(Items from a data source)
━━━━━━━━
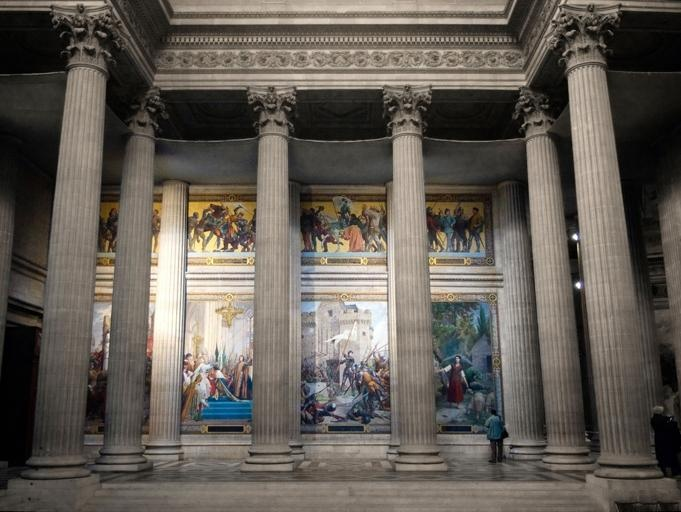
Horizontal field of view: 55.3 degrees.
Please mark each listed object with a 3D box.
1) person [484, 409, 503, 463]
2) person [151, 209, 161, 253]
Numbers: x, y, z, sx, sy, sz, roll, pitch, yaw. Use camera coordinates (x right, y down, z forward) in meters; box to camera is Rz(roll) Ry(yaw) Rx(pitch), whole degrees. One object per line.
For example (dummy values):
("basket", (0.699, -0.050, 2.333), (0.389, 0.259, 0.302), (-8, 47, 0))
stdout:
("person", (3.982, 4.594, 16.809), (0.471, 1.337, 0.784), (-2, -7, 14))
("person", (-5.539, -0.786, 19.642), (0.270, 1.327, 0.165), (-1, -7, 7))
━━━━━━━━
→ **WHAT IS BEING ASKED**
Using the records above, copy word for word the line with "2) person [151, 209, 161, 253]", the line with "0.302), (-8, 47, 0))", and every line between them.

→ **ANSWER FOR THIS EXERCISE**
2) person [151, 209, 161, 253]
Numbers: x, y, z, sx, sy, sz, roll, pitch, yaw. Use camera coordinates (x right, y down, z forward) in meters; box to camera is Rz(roll) Ry(yaw) Rx(pitch), whole degrees. One object per line.
For example (dummy values):
("basket", (0.699, -0.050, 2.333), (0.389, 0.259, 0.302), (-8, 47, 0))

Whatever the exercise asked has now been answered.